Fear of a Canadian Planet

The great pianist Oscar Peterson.

According the Graeme Hamilton,  writing in the National Post, the word “Canadian” is now used as a coded ethnic slur in the American south to refer to blacks:

The bigger mystery is how “Canadian” came to be code for black. An online directory of racial slurs defines Canadian as a “masked replacement” for black.

Last August, a blogger in Cincinnati going by the name CincyBlurg reported that a black friend from the southeastern U.S. had recently discovered that she was being called a Canadian. “She told me a story of when she was working in a shop in the South and she overheard some of her customers complaining that they were always waited on by a Canadian at that place. She didn’t understand what they were talking about and assumed they must be talking about someone else,” the blogger wrote.

“After this happened several times with different patrons, she mentioned it to one of her co-workers. He told her that ‘Canadian’ was the new derogatory term that racist Southerners were using to describe persons they would have previously referred to [with the N-word.]”

This seems like a very curious usage. Canada is of course a multi-racial democracy and has many black citizens but there’s nothing particularly black about Canada as compared to the American south. Quite the reverse: the stereotypical Canadian is deracinated and tepid. But perhaps that is precisely the value of “Canadian” as a code word: you’re not likely to offend Canadians so you can mask all sorts of rancid ideas by referring to them:  “There are too many Canadians here. Canadians breed like flies. Would you want your daughter to marry a Canadian? Don’t get me wrong, some of my best friends are Canadians.”

The essayist and short story writer Joseph Epstein, that most genial of neo-conservatives, recorded a similarly coded deployment of “Canadian” in a tale called “Coming In with Their Hands Up” (to be found in his collection Fabulous Small Jews, a title that doesn’t use code at all):

I’m standing in line for a coke and hot dog during half-time at a Bulls-Pistons game when I can’t help eavesdropping on two guys in line ahead of me. They’re “Canadians,” as my father, in a helpful code word, used to call Jews. “Not many Canadians here tonight,” he’d say as we entered a restaurant.

5 thoughts on “Fear of a Canadian Planet

  1. I think it means “outsider.” Not part of the ‘in’ group, but trying to be delicate. “We don’t talk to ‘those’ people.” There’s also that quote “A vast Canada of the mind,” to denote emptiness.

  2. Oh it’s a codeword alright.

    Imagine the confusion when you are actually a Canadian, such as myself, working in the US and your co-workers jokingly refer to you on the phone as “the Canadian” to other people who don’t whether you are black or white (“no, really, he’s Canadian, not a Canaaaadian.”) I actally got a surprised/confused look from someone when I refered to myself as Canadian once when I was in the South.

    The value of the codeword is precisely that people wouldn’t take offense to it.
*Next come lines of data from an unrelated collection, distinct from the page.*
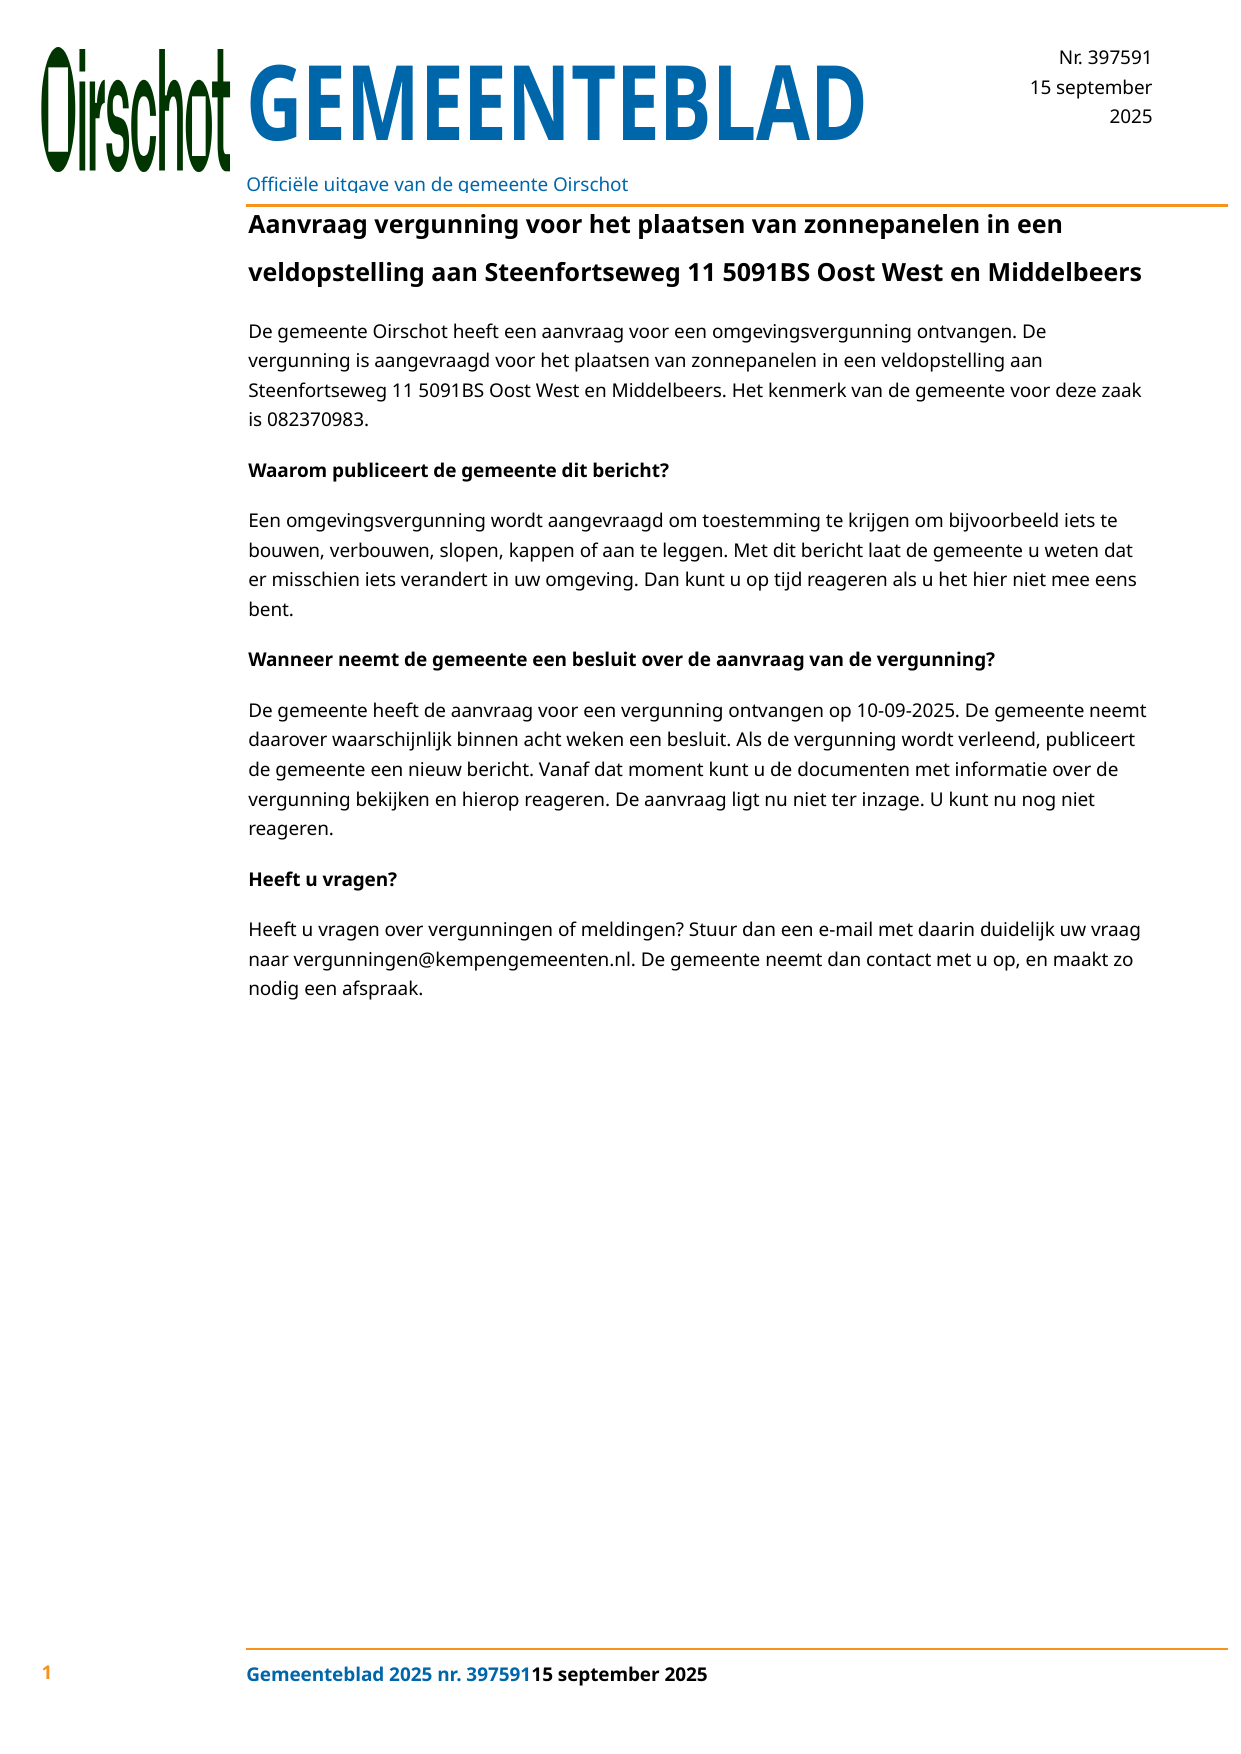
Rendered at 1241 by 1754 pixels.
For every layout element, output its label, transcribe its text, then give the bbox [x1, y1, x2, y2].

text Aanvraag vergunning voor het plaatsen van zonnepanelen in een veldopstelling aan Steenfortseweg 11 5091BS Oost West en Middelbeers [248, 207, 1152, 288]
text De gemeente Oirschot heeft een aanvraag voor een omgevingsvergunning ontvangen. De vergunning is aangevraagd voor het plaatsen van zonnepanelen in een veldopstelling aan Steenfortseweg 11 5091BS Oost West en Middelbeers. Het kenmerk van de gemeente voor deze zaak is 082370983. [248, 318, 1152, 432]
text De gemeente heeft de aanvraag voor een vergunning ontvangen op 10-09-2025. De gemeente neemt daarover waarschijnlijk binnen acht weken een besluit. Als de vergunning wordt verleend, publiceert de gemeente een nieuw bericht. Vanaf dat moment kunt u de documenten met informatie over de vergunning bekijken en hierop reageren. De aanvraag ligt nu niet ter inzage. U kunt nu nog niet reageren. [248, 697, 1152, 841]
text Een omgevingsvergunning wordt aangevraagd om toestemming te krijgen om bijvoorbeeld iets te bouwen, verbouwen, slopen, kappen of aan te leggen. Met dit bericht laat de gemeente u weten dat er misschien iets verandert in uw omgeving. Dan kunt u op tijd reageren als u het hier niet mee eens bent. [248, 507, 1152, 622]
text Waarom publiceert de gemeente dit bericht? [248, 457, 1152, 483]
picture [41, 47, 231, 172]
text Heeft u vragen over vergunningen of meldingen? Stuur dan een e-mail met daarin duidelijk uw vraag naar vergunningen@kempengemeenten.nl. De gemeente neemt dan contact met u op, en maakt zo nodig een afspraak. [248, 916, 1152, 1001]
text Heeft u vragen? [248, 866, 1152, 892]
text Wanneer neemt de gemeente een besluit over de aanvraag van de vergunning? [248, 647, 1152, 672]
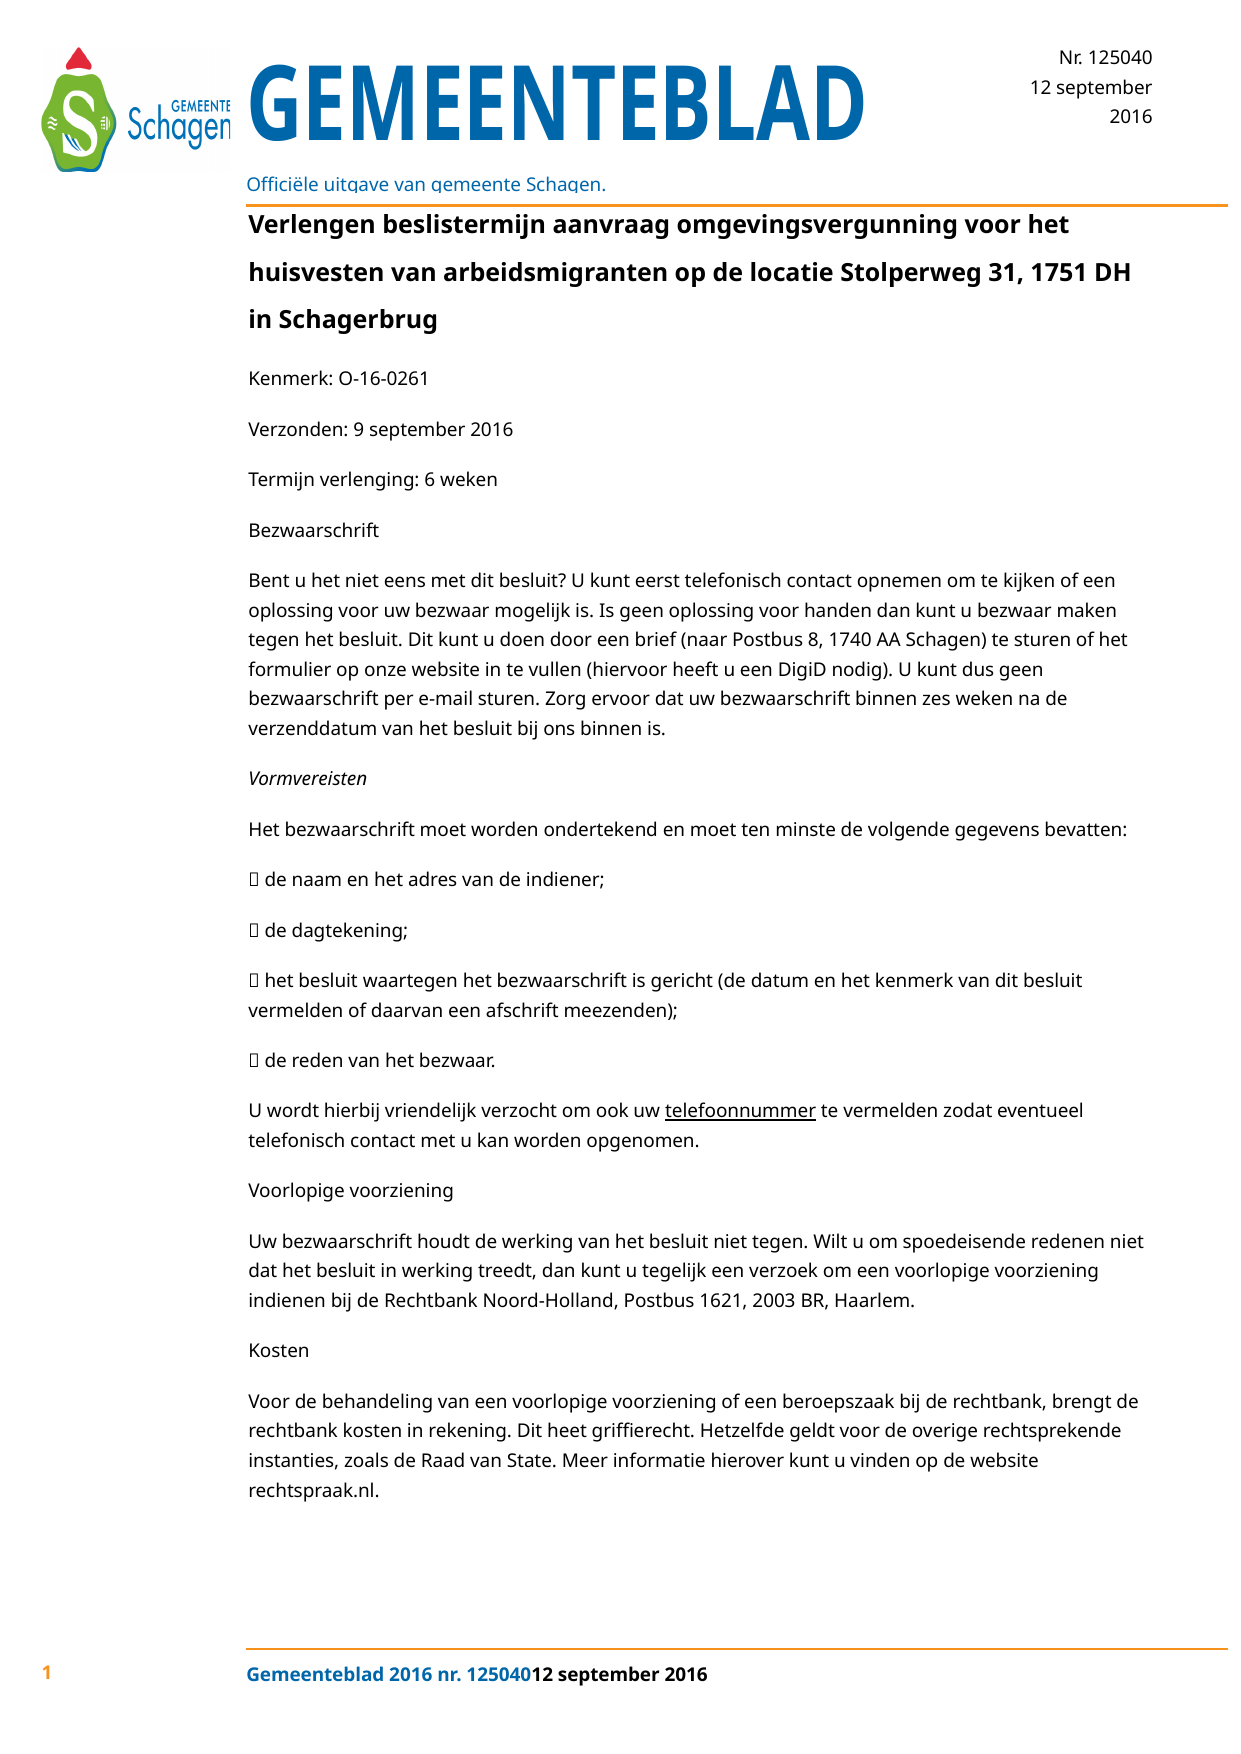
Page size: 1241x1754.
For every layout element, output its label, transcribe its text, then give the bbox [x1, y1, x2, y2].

text Het bezwaarschrift moet worden ondertekend en moet ten minste de volgende gegevens bevatten: [248, 816, 1152, 842]
text  de dagtekening; [248, 917, 1152, 942]
text Voorlopige voorziening [248, 1178, 1152, 1203]
text Verlengen beslistermijn aanvraag omgevingsvergunning voor het huisvesten van arbeidsmigranten op de locatie Stolperweg 31, 1751 DH in Schagerbrug [248, 207, 1152, 336]
picture [41, 47, 231, 172]
text Bezwaarschrift [248, 517, 1152, 542]
text Verzonden: 9 september 2016 [248, 416, 1152, 442]
text Kenmerk: O-16-0261 [248, 366, 1152, 391]
text Kosten [248, 1338, 1152, 1363]
text  de reden van het bezwaar. [248, 1047, 1152, 1073]
text Termijn verlenging: 6 weken [248, 466, 1152, 492]
text U wordt hierbij vriendelijk verzocht om ook uw telefoonnummer te vermelden zodat eventueel telefonisch contact met u kan worden opgenomen. [248, 1098, 1152, 1153]
text Voor de behandeling van een voorlopige voorziening of een beroepszaak bij de rechtbank, brengt de rechtbank kosten in rekening. Dit heet griffierecht. Hetzelfde geldt voor de overige rechtsprekende instanties, zoals de Raad van State. Meer informatie hierover kunt u vinden op de website rechtspraak.nl. [248, 1388, 1152, 1502]
text  de naam en het adres van de indiener; [248, 866, 1152, 892]
text Uw bezwaarschrift houdt de werking van het besluit niet tegen. Wilt u om spoedeisende redenen niet dat het besluit in werking treedt, dan kunt u tegelijk een verzoek om een voorlopige voorziening indienen bij de Rechtbank Noord-Holland, Postbus 1621, 2003 BR, Haarlem. [248, 1228, 1152, 1313]
text Vormvereisten [248, 766, 1152, 791]
text  het besluit waartegen het bezwaarschrift is gericht (de datum en het kenmerk van dit besluit vermelden of daarvan een afschrift meezenden); [248, 967, 1152, 1022]
text Bent u het niet eens met dit besluit? U kunt eerst telefonisch contact opnemen om te kijken of een oplossing voor uw bezwaar mogelijk is. Is geen oplossing voor handen dan kunt u bezwaar maken tegen het besluit. Dit kunt u doen door een brief (naar Postbus 8, 1740 AA Schagen) te sturen of het formulier op onze website in te vullen (hiervoor heeft u een DigiD nodig). U kunt dus geen bezwaarschrift per e-mail sturen. Zorg ervoor dat uw bezwaarschrift binnen zes weken na de verzenddatum van het besluit bij ons binnen is. [248, 567, 1152, 741]
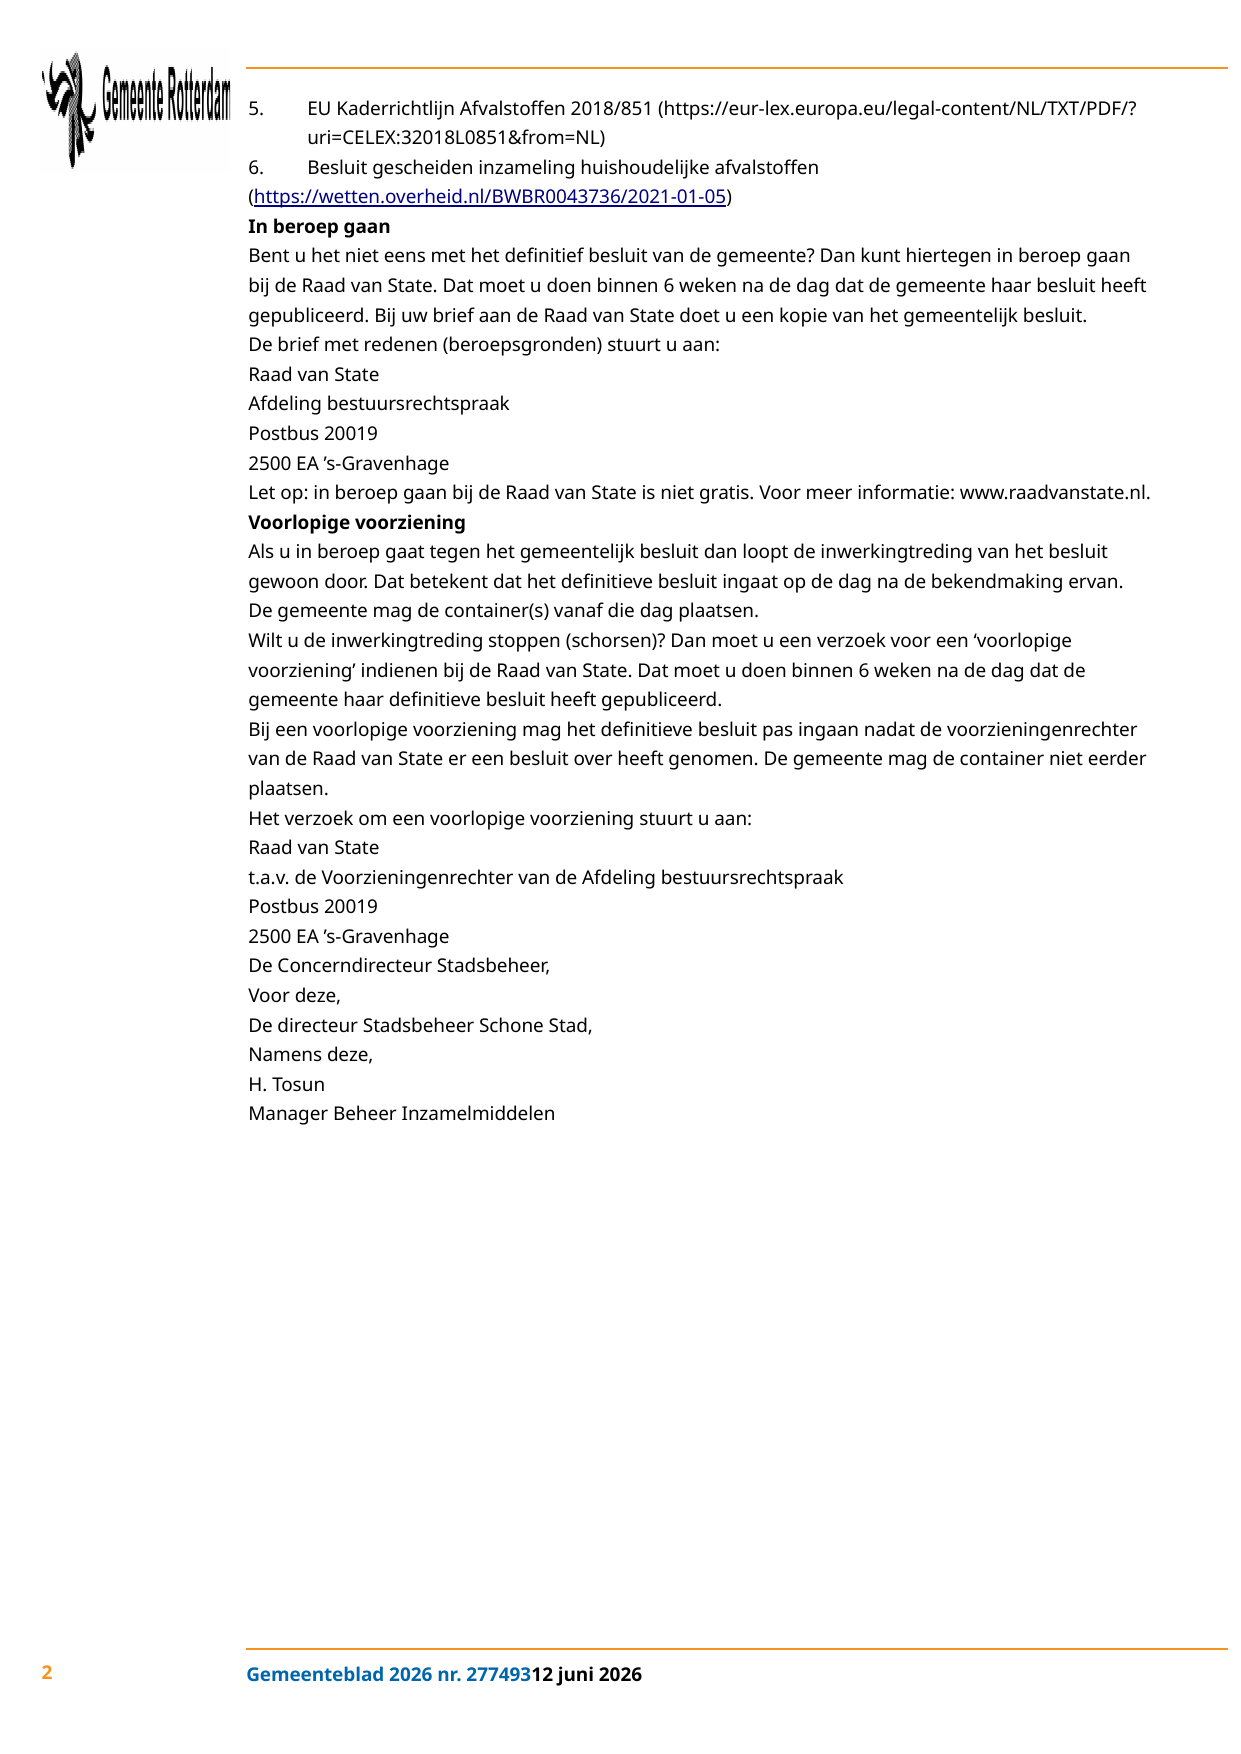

If you used a common ethnic slur or even said black it slaps the ear while the word Canadian just passes by without attracting any attention.

    As an aside, Canadian also means bad tipper in the US.

  3. The note about Canadians meaning bad tipper in the US –

    My brother-in-law was in the food service industry for last ten years, and he came upon the word being used in resturants that featured mainly black diners. The wait-staff were frustrated by the lack of tips and used the phrase because using “n****r” to mean cheap black people is not accepted, even though that’s close what that word means (see merriam-webster: a member of a socially disadvantaged class of persons / real world: cheap/trashy/poor black people). Canadian is so well accepted, even black wait-staff use it to describe black diners.